▶ WHAT YOU SHOULD DO:
Copy each line from the entries that the word "with" appears in.

▶ RECORDS FOR THIS EXERCISE:
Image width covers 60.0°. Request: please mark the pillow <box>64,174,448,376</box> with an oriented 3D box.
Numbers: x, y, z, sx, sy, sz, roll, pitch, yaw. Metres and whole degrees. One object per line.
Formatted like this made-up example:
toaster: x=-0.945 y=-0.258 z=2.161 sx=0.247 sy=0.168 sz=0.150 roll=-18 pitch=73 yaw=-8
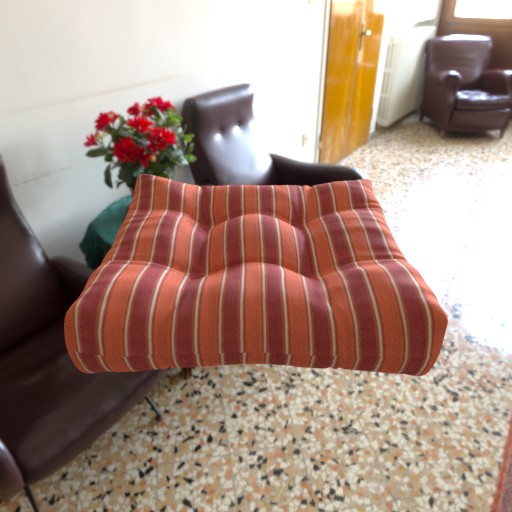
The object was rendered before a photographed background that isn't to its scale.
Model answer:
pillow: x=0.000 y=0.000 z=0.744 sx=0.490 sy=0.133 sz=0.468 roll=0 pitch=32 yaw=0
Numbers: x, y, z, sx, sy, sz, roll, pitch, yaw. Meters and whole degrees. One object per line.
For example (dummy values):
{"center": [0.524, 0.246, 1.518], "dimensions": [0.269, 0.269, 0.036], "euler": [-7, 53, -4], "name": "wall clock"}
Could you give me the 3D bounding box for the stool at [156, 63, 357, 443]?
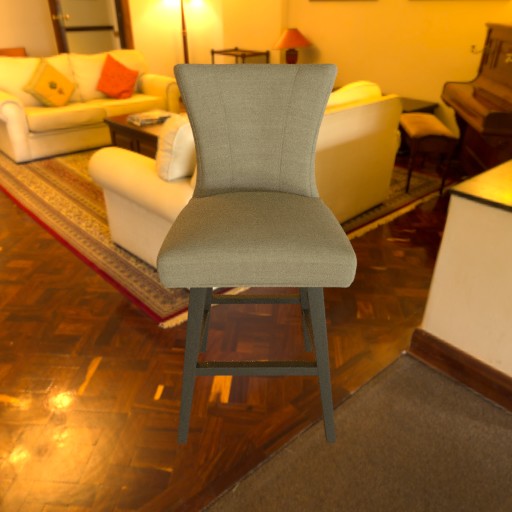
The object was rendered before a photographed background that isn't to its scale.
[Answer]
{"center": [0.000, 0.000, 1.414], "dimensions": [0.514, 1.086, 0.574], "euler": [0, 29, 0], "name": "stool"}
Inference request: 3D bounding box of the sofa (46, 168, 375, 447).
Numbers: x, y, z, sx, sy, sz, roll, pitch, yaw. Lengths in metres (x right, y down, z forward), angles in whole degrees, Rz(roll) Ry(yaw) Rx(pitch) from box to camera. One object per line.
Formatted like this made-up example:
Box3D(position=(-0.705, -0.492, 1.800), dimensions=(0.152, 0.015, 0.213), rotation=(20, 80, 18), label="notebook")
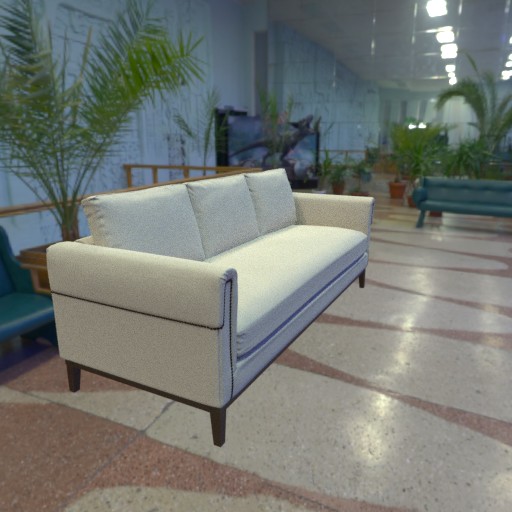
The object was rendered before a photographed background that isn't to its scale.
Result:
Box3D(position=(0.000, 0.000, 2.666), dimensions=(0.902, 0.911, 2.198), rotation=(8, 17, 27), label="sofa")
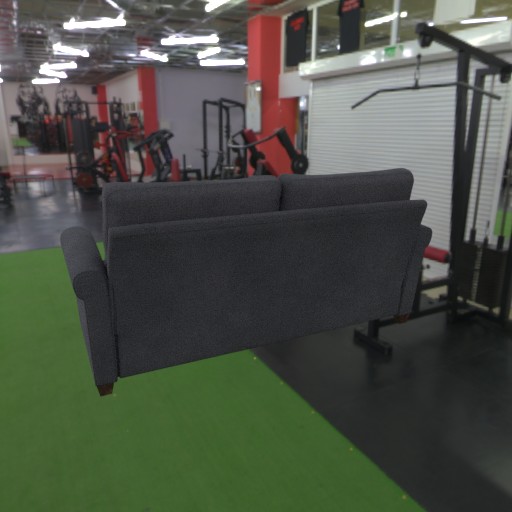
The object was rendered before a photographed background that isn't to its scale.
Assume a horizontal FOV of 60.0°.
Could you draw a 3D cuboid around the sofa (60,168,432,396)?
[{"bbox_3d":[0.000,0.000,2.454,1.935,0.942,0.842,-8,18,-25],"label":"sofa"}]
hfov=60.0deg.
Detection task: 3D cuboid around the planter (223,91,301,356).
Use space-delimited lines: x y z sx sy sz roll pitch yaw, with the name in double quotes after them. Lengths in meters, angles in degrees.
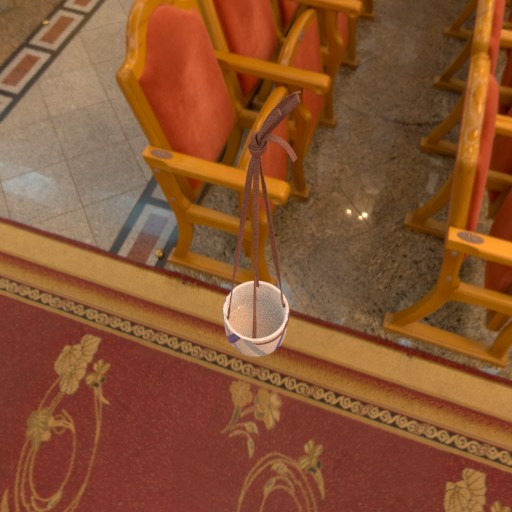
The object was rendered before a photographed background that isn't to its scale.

▶ SOLUTION BELOW:
Image width covers 60.0°. Request: please mark the pillow <box>64,174,448,376</box> with an oriented 3D box.
Use space-delimited lines: x y z sx sy sz roll pitch yaw, with the name in double quotes after them. Lengths in meters, angles in degrees.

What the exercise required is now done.